Anyway. Bainbridge tells the story of the expedition in five short chapters, each in the voice and manner of a different member of the expedition, none of whom come home. And the device is interesting, in that you know things that the chapter’s author does not, and the insights of the particular author throw a new perspective on things you already know. But ultimately, it doesn’t work and it isn’t enough. For one thing, from what I’ve read since, there has been further revisionism at work — Scott was first viewed by chroniclers as a hero, a martyr. Then, and this is the framework within which Bainbridge is working, he was an ill-prepared, short-sighted, class-bound, stubborn product of his times. Since then, however, the pendulum has shifted in Scott’s favor again, and he is now seen as maybe not such an administrative disaster, but the victim of really unforeseeable bad luck and timing, hitting the Antarctic at a particularly terrible juncture.

What would have been very helpful would have been an afterword, or a foreword, that spelled out some of the main points of the expedition, its logic and organization. As written, the book assumes massive familiarity, and I must confess I had absolutely no idea why they were in the places they were: Cardiff, Madeira, South Trinidad Island; and where Scott was all this time, and what the hell they were all up to.
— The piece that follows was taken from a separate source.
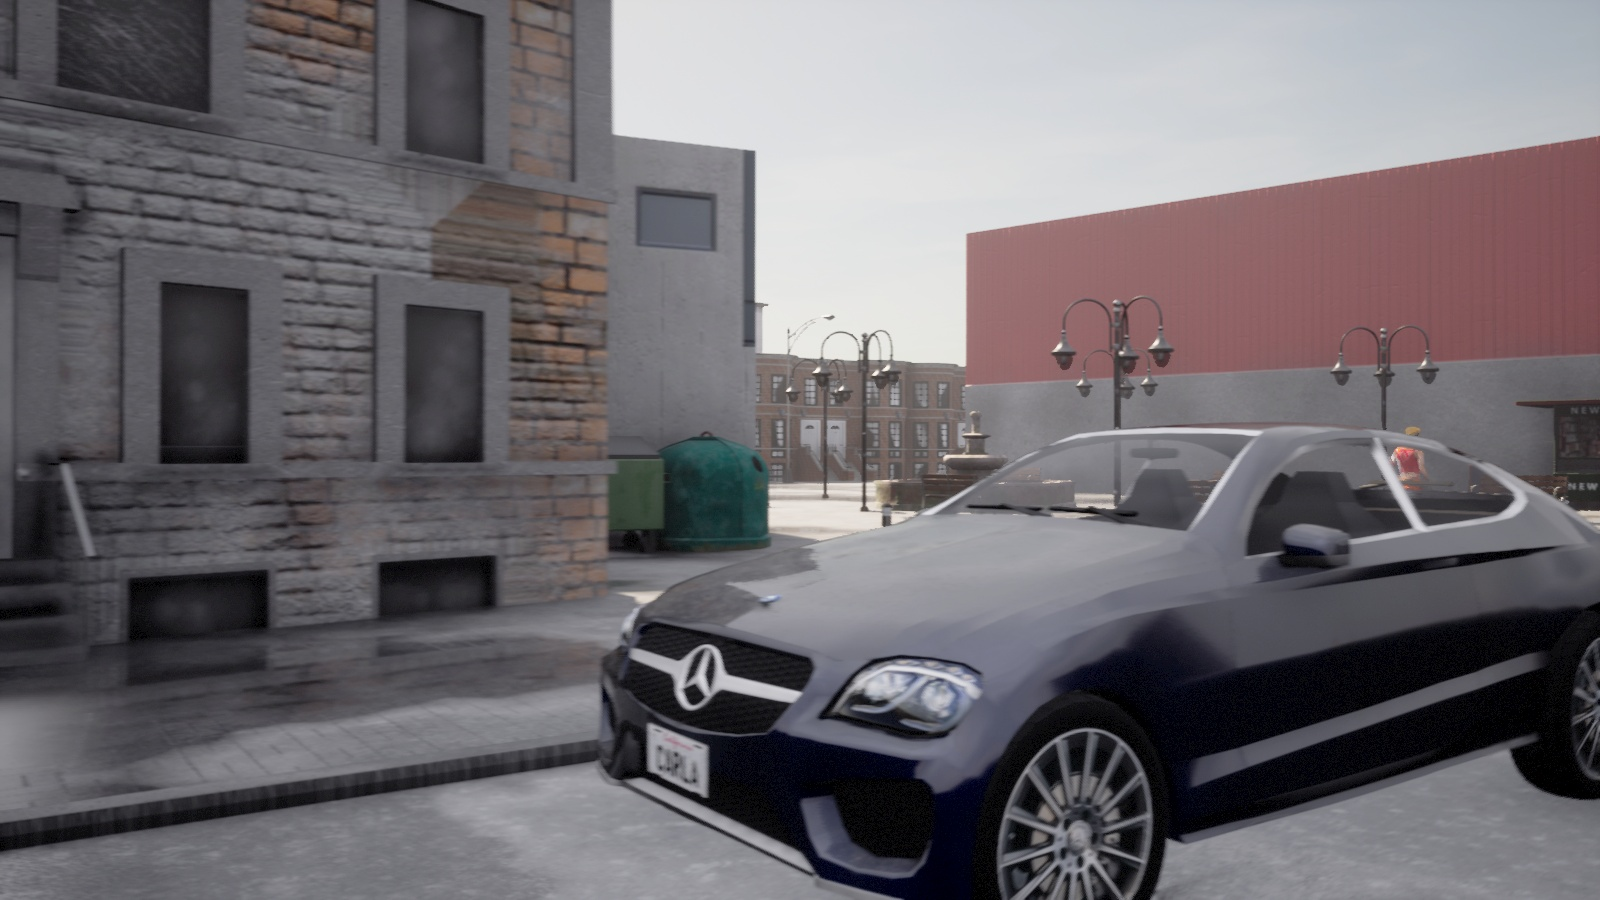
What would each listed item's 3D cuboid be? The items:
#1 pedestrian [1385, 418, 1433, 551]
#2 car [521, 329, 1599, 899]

Most mystifying of all, and I wish someone could shed some light on this: The book has a hand-drawn map of the expedition’s Antarctic leg for a frontispiece. The map is neatly marked with bone-chilling captions like “The ponies are shot.” “Evans dies.” interspersed with more normal designations like “Ross Island,” “The Great Ice Barrier,” and “Plateau.”  (Although even those, in their simplicity, give a sense of the stark vastness of the terrain.)  But the most interesting marking on the map of all is this “Fourth Form. Harrington House. 1915. Map drawn by Doreen Murphy. Sept. 1915.”

Who is Doreen Murphy? Why did she draw this map? Is it accurate?  And what does the little inset in the upper left of a pony with the notation “Pony Christopher donated by Merchant Taylor’s School, Crosby, Liverpool, 1910” mean? I found this more fascinating than anything in the text proper. Very macabre and unsettling: the neat school girl writing quietly demarcating death sites. Shame on Carroll & Graf Publishers (1991) for not in any way crediting or contextualizing this graphic.  (The publishers also did the book’s appearance something of a disservice by practically abolishing hyphenation, leading to some very weird line spacing and lots of trapped white space.)

Ultimately, the book led me back to the wonderful one-man play we saw two summers ago in New York: Tom Crean—Antarctic Explorer. Talk about evocative! This one-man show (http://www.tomcreanshow.com/) played in August heat and humidity, and I tell you, we were shivering, chilled to the bone as this man spun yarns that froze the heart, so narrow were the escapes, so grueling the conquests. Now there was a recreation of adventure and heroism and tragedy! Bainbridge’s pales in comparison. It was just too little, too small scoped, too narrowly focused.